▶ [WHAT TO PRODUCE]
For the entries below, print exactly the lines between the line holding "Answer: Air Quality, Temperature, and" and the line holding "Answer: 2020, 55", inclusive, and nothing else.

Extracted records
___

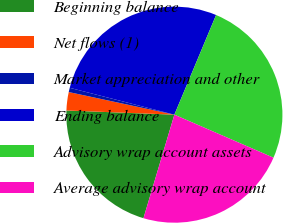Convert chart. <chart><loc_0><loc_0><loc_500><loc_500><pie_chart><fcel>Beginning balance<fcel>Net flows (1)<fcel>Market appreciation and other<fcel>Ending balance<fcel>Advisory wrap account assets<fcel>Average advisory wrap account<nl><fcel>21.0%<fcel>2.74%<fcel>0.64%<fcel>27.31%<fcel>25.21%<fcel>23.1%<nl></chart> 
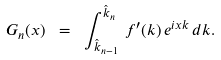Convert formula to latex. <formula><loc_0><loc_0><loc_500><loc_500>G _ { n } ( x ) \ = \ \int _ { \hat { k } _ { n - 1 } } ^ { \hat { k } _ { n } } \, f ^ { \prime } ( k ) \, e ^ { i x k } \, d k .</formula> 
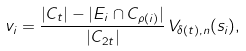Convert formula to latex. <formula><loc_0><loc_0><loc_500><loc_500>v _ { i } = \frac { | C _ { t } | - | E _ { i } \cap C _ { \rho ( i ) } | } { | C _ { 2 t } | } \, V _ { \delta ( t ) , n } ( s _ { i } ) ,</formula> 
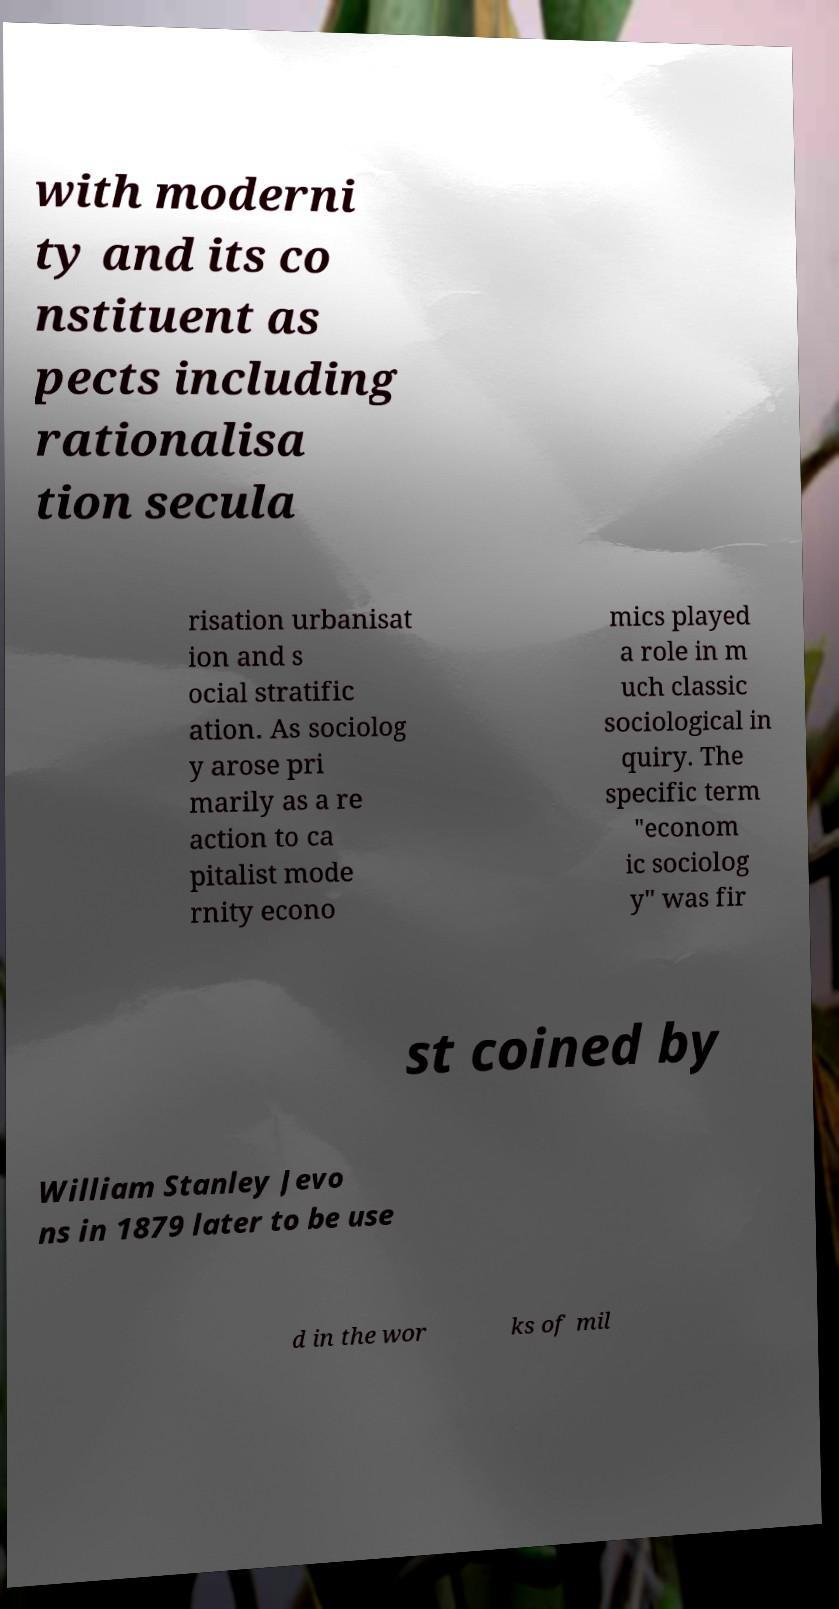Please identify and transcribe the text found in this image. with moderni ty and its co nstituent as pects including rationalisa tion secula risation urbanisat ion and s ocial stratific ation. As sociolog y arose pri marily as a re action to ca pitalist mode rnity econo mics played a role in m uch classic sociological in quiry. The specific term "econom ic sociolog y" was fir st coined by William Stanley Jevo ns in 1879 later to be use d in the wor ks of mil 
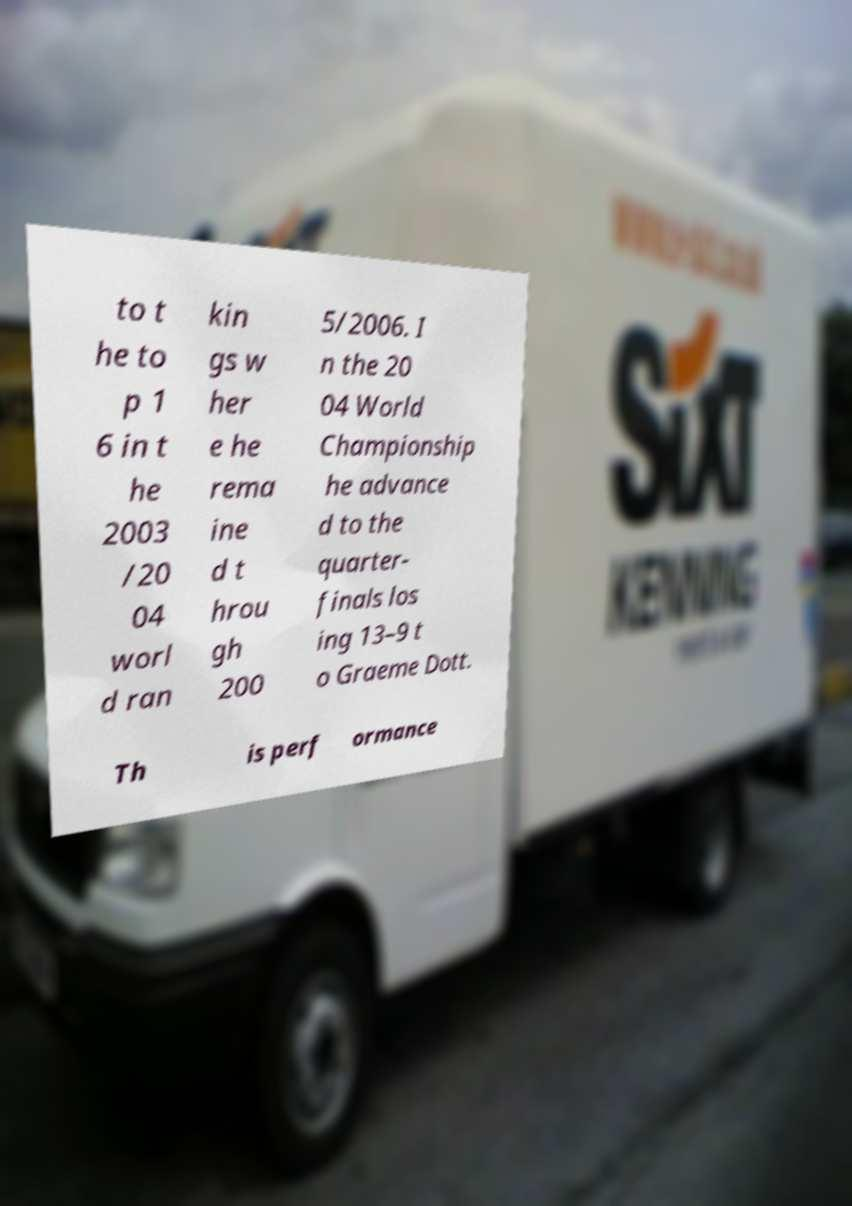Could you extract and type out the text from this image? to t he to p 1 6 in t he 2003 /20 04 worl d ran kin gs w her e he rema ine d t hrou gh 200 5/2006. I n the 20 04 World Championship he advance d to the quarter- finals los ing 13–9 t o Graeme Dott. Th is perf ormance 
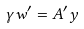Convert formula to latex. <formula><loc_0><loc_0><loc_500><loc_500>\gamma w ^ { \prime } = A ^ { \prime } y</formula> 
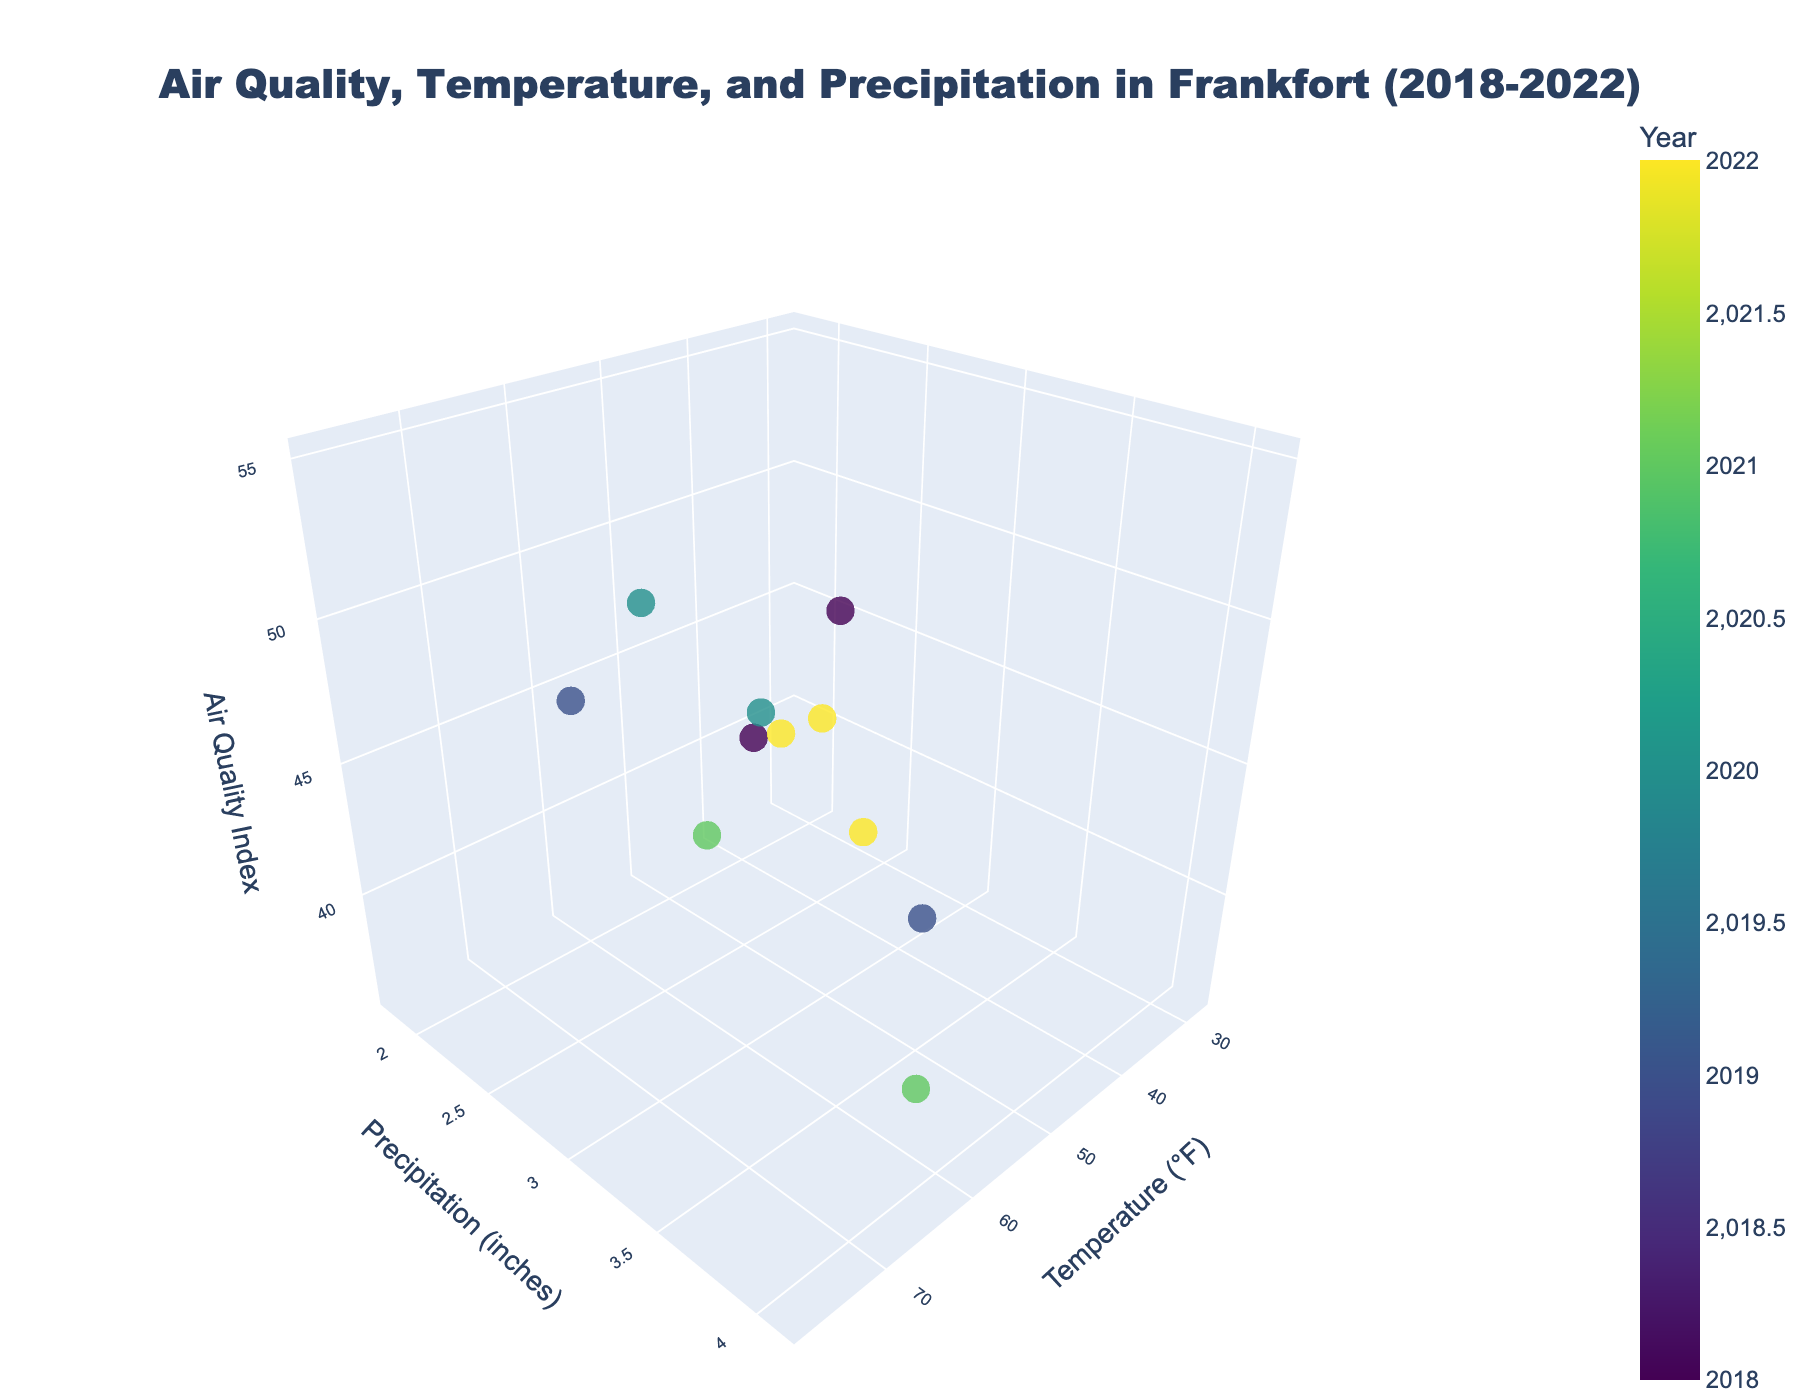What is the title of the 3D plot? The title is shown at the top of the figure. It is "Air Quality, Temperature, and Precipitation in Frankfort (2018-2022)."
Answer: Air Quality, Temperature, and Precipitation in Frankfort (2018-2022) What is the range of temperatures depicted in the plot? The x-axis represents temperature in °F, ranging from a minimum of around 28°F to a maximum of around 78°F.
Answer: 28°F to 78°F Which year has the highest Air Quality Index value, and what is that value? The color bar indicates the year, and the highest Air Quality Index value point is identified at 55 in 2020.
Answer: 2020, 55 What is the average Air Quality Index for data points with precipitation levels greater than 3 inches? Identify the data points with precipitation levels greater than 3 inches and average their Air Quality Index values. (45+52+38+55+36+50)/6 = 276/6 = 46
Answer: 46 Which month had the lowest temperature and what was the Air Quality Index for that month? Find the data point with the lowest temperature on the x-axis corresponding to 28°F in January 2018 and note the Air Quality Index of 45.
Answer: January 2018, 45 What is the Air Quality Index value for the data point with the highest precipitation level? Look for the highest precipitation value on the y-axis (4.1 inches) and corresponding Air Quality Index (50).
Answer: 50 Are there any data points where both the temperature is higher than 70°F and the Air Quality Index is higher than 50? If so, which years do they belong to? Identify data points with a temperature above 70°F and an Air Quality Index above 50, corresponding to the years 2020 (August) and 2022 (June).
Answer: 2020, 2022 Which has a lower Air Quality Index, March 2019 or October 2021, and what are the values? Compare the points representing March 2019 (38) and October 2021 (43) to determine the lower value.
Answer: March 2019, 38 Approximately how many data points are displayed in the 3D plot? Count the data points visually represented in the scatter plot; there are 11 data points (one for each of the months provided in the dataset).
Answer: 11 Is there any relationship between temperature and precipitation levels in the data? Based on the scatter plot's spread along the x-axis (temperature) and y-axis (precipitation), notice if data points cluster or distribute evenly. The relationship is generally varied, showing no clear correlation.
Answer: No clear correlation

___

▶ [RESULT]
Answer: Air Quality, Temperature, and Precipitation in Frankfort (2018-2022) What is the range of temperatures depicted in the plot? The x-axis represents temperature in °F, ranging from a minimum of around 28°F to a maximum of around 78°F.
Answer: 28°F to 78°F Which year has the highest Air Quality Index value, and what is that value? The color bar indicates the year, and the highest Air Quality Index value point is identified at 55 in 2020.
Answer: 2020, 55 What is the average Air Quality Index for data points with precipitation levels greater than 3 inches? Identify the data points with precipitation levels greater than 3 inches and average their Air Quality Index values. (45+52+38+55+36+50)/6 = 276/6 = 46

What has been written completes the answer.